About this exercise: The entries below are to be transcribed in full, without their images.

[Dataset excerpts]
......

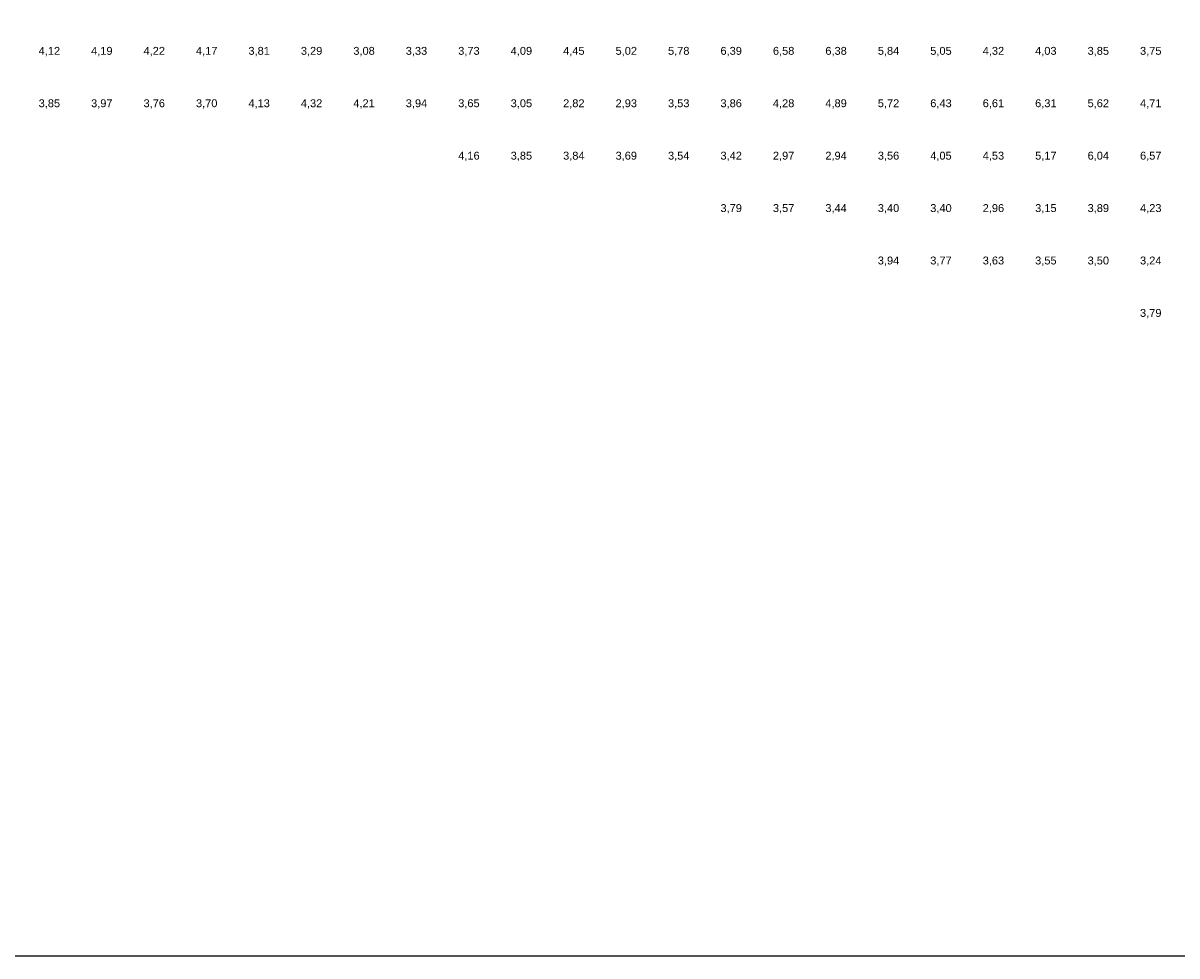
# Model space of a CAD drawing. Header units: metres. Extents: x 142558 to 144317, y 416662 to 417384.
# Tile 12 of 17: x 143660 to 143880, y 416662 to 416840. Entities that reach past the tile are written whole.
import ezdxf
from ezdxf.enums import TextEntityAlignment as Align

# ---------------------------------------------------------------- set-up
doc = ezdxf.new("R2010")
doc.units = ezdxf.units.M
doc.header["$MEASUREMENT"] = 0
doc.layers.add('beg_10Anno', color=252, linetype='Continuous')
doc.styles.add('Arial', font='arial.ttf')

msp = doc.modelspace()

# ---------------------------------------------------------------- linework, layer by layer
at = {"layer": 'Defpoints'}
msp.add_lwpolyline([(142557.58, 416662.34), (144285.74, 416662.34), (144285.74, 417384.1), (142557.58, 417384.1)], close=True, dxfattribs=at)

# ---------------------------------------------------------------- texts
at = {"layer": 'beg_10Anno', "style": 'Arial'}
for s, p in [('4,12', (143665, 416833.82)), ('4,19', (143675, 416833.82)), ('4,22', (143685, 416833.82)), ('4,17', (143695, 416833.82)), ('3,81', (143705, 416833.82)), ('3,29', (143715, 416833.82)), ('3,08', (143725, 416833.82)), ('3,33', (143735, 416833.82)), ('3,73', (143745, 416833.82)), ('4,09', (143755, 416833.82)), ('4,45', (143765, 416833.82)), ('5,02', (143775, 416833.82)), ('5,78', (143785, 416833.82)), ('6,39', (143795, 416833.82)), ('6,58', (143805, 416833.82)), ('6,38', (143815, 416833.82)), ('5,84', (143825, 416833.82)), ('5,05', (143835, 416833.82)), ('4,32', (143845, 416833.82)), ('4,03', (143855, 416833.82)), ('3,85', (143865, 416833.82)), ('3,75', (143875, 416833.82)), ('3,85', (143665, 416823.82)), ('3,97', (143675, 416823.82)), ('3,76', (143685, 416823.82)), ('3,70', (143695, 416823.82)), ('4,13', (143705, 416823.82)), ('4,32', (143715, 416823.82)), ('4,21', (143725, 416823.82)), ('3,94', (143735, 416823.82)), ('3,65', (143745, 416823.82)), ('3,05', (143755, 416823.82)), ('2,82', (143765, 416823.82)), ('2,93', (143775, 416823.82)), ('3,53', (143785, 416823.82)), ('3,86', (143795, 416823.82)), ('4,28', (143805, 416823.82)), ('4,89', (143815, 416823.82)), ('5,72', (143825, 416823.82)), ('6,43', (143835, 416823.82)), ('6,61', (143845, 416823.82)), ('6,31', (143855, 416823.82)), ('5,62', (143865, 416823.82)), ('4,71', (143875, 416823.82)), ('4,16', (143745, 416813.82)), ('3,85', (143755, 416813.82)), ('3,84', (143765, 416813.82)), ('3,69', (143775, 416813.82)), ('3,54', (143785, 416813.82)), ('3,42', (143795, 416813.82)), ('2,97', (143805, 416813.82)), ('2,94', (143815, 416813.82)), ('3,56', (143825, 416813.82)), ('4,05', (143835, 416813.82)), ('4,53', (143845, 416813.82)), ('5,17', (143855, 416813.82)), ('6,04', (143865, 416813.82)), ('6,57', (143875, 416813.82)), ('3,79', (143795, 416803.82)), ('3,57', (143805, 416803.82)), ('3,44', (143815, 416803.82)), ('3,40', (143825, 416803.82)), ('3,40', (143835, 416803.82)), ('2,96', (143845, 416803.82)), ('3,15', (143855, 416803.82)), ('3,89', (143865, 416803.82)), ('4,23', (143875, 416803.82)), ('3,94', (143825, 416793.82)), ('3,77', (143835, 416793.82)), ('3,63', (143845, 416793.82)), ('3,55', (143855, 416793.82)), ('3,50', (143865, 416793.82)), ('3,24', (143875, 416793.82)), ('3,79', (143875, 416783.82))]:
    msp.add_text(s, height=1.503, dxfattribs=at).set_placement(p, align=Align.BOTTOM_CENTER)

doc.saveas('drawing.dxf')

......

Exercise result:
# Model space of a CAD drawing. Header units: metres. Extents: x 142558 to 144317, y 416662 to 417384.
# Tile 12 of 17: x 143660 to 143880, y 416662 to 416840. Entities that reach past the tile are written whole.
import ezdxf
from ezdxf.enums import TextEntityAlignment as Align

# ---------------------------------------------------------------- set-up
doc = ezdxf.new("R2010")
doc.units = ezdxf.units.M
doc.header["$MEASUREMENT"] = 0
doc.layers.add('beg_10Anno', color=252, linetype='Continuous')
doc.styles.add('Arial', font='arial.ttf')

msp = doc.modelspace()

# ---------------------------------------------------------------- linework, layer by layer
at = {"layer": 'Defpoints'}
msp.add_lwpolyline([(142557.58, 416662.34), (144285.74, 416662.34), (144285.74, 417384.1), (142557.58, 417384.1)], close=True, dxfattribs=at)

# ---------------------------------------------------------------- texts
at = {"layer": 'beg_10Anno', "style": 'Arial'}
for s, p in [('4,12', (143665, 416833.82)), ('4,19', (143675, 416833.82)), ('4,22', (143685, 416833.82)), ('4,17', (143695, 416833.82)), ('3,81', (143705, 416833.82)), ('3,29', (143715, 416833.82)), ('3,08', (143725, 416833.82)), ('3,33', (143735, 416833.82)), ('3,73', (143745, 416833.82)), ('4,09', (143755, 416833.82)), ('4,45', (143765, 416833.82)), ('5,02', (143775, 416833.82)), ('5,78', (143785, 416833.82)), ('6,39', (143795, 416833.82)), ('6,58', (143805, 416833.82)), ('6,38', (143815, 416833.82)), ('5,84', (143825, 416833.82)), ('5,05', (143835, 416833.82)), ('4,32', (143845, 416833.82)), ('4,03', (143855, 416833.82)), ('3,85', (143865, 416833.82)), ('3,75', (143875, 416833.82)), ('3,85', (143665, 416823.82)), ('3,97', (143675, 416823.82)), ('3,76', (143685, 416823.82)), ('3,70', (143695, 416823.82)), ('4,13', (143705, 416823.82)), ('4,32', (143715, 416823.82)), ('4,21', (143725, 416823.82)), ('3,94', (143735, 416823.82)), ('3,65', (143745, 416823.82)), ('3,05', (143755, 416823.82)), ('2,82', (143765, 416823.82)), ('2,93', (143775, 416823.82)), ('3,53', (143785, 416823.82)), ('3,86', (143795, 416823.82)), ('4,28', (143805, 416823.82)), ('4,89', (143815, 416823.82)), ('5,72', (143825, 416823.82)), ('6,43', (143835, 416823.82)), ('6,61', (143845, 416823.82)), ('6,31', (143855, 416823.82)), ('5,62', (143865, 416823.82)), ('4,71', (143875, 416823.82)), ('4,16', (143745, 416813.82)), ('3,85', (143755, 416813.82)), ('3,84', (143765, 416813.82)), ('3,69', (143775, 416813.82)), ('3,54', (143785, 416813.82)), ('3,42', (143795, 416813.82)), ('2,97', (143805, 416813.82)), ('2,94', (143815, 416813.82)), ('3,56', (143825, 416813.82)), ('4,05', (143835, 416813.82)), ('4,53', (143845, 416813.82)), ('5,17', (143855, 416813.82)), ('6,04', (143865, 416813.82)), ('6,57', (143875, 416813.82)), ('3,79', (143795, 416803.82)), ('3,57', (143805, 416803.82)), ('3,44', (143815, 416803.82)), ('3,40', (143825, 416803.82)), ('3,40', (143835, 416803.82)), ('2,96', (143845, 416803.82)), ('3,15', (143855, 416803.82)), ('3,89', (143865, 416803.82)), ('4,23', (143875, 416803.82)), ('3,94', (143825, 416793.82)), ('3,77', (143835, 416793.82)), ('3,63', (143845, 416793.82)), ('3,55', (143855, 416793.82)), ('3,50', (143865, 416793.82)), ('3,24', (143875, 416793.82)), ('3,79', (143875, 416783.82))]:
    msp.add_text(s, height=1.503, dxfattribs=at).set_placement(p, align=Align.BOTTOM_CENTER)

doc.saveas('drawing.dxf')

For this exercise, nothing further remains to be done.